The moment the early nights draw in, this is what you’re waiting for – the sun reflecting off the newly-polished sightscreens, the glorious aroma of freshly cut grass, mowed to within an inch of its life. This year is different. The ECB guidance came before Ground Force Day so, at many clubs, walls will remain in need of a paint, dressing rooms will feel cold and spookily empty, benches will need reassembling.

Some will be fortunate enough to have a groundsman able and willing to use these times of quarantine and self-isolation to go over the square and, where possible, the outfield – if the winter rain has not left it sodden.

So many plans gone to waste – for the moment, anyway: Easter camps, caterers, overseas players. What of the next generation and the continuation of the All Stars programme and the launch of its postcursor Dynamo scheme, both now suspended indefinitely?

In a recent statement, the ECB provided some guarded optimism, explaining: “We know that cricket can have a huge part to play in supporting physical and mental wellbeing of children around the country and we are working hard to find a solution which involves running courses later in the summer.”

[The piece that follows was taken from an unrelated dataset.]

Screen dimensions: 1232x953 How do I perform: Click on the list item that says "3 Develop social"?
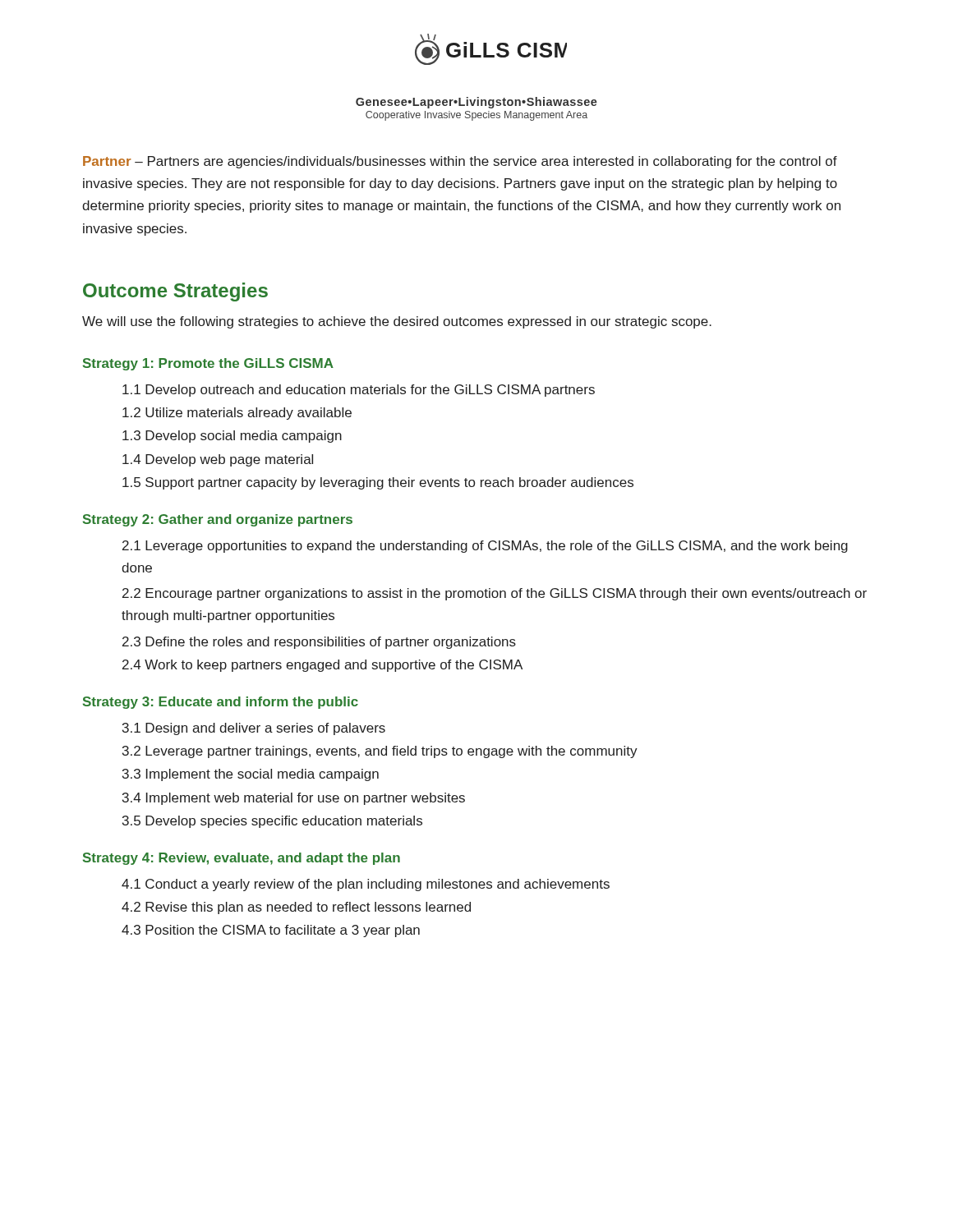(x=232, y=436)
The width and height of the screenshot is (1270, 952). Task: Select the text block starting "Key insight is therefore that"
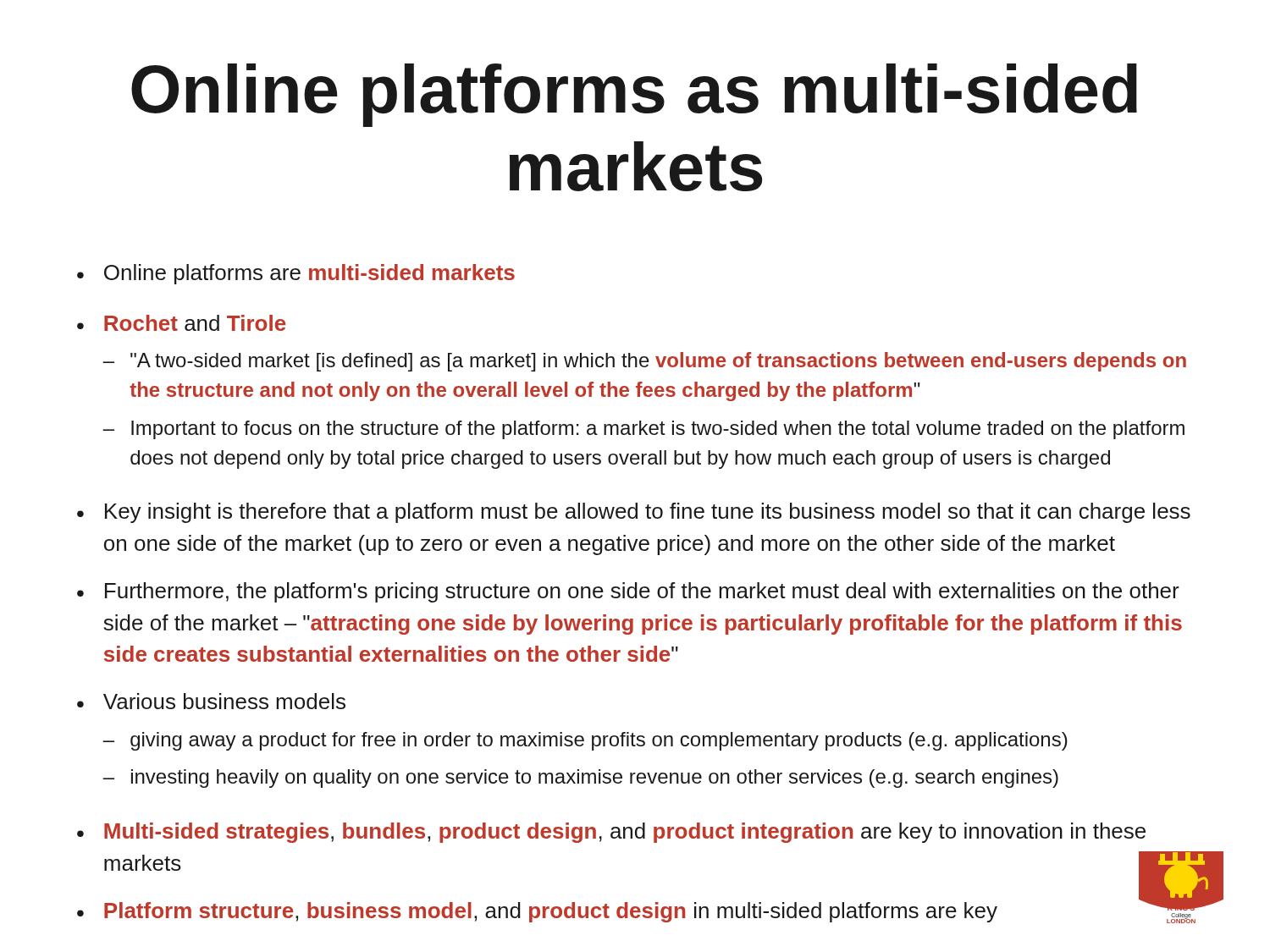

In my own case, the club is a home from home – not quite walkable, but a short drive away. It is hard to pluck a number out of the sky, but I’d reckon that between April and September, it amounts to 80 per cent of my social existence: training twice a week, a post-training drink twice a week, Saturday morning, Saturday afternoon, Saturday night, the occasional Sunday coaching stint and then the regular phone calls. It is an annual routine – not just for me, but for thousands around the country.

At times like this, though, there are far more important things than cricket. Sport is, at best, a very distant second – behind the privilege of health and livelihoods.

But I guess the point of this column – and most won’t be as personal or club-based as this – is to offer a reminder of what you mean to your club and what it means to you. Don’t be a stranger – at least in a virtual sense. Don’t just forget about it because there’s a pane of glass between ourselves and the outside. Talk to your teammates and drop the occasional line in the direction of the guys that keep the place going, if only to retain some semblance of normality.

The ECB have done some work already to allay any immediate fears. The deadlines for any repayments due to the England and Wales Cricket Trust’s interest-free loan scheme have been suspended until May 2021, while the £61m emergency package put together by the national governing body includes £20m for the recreational game.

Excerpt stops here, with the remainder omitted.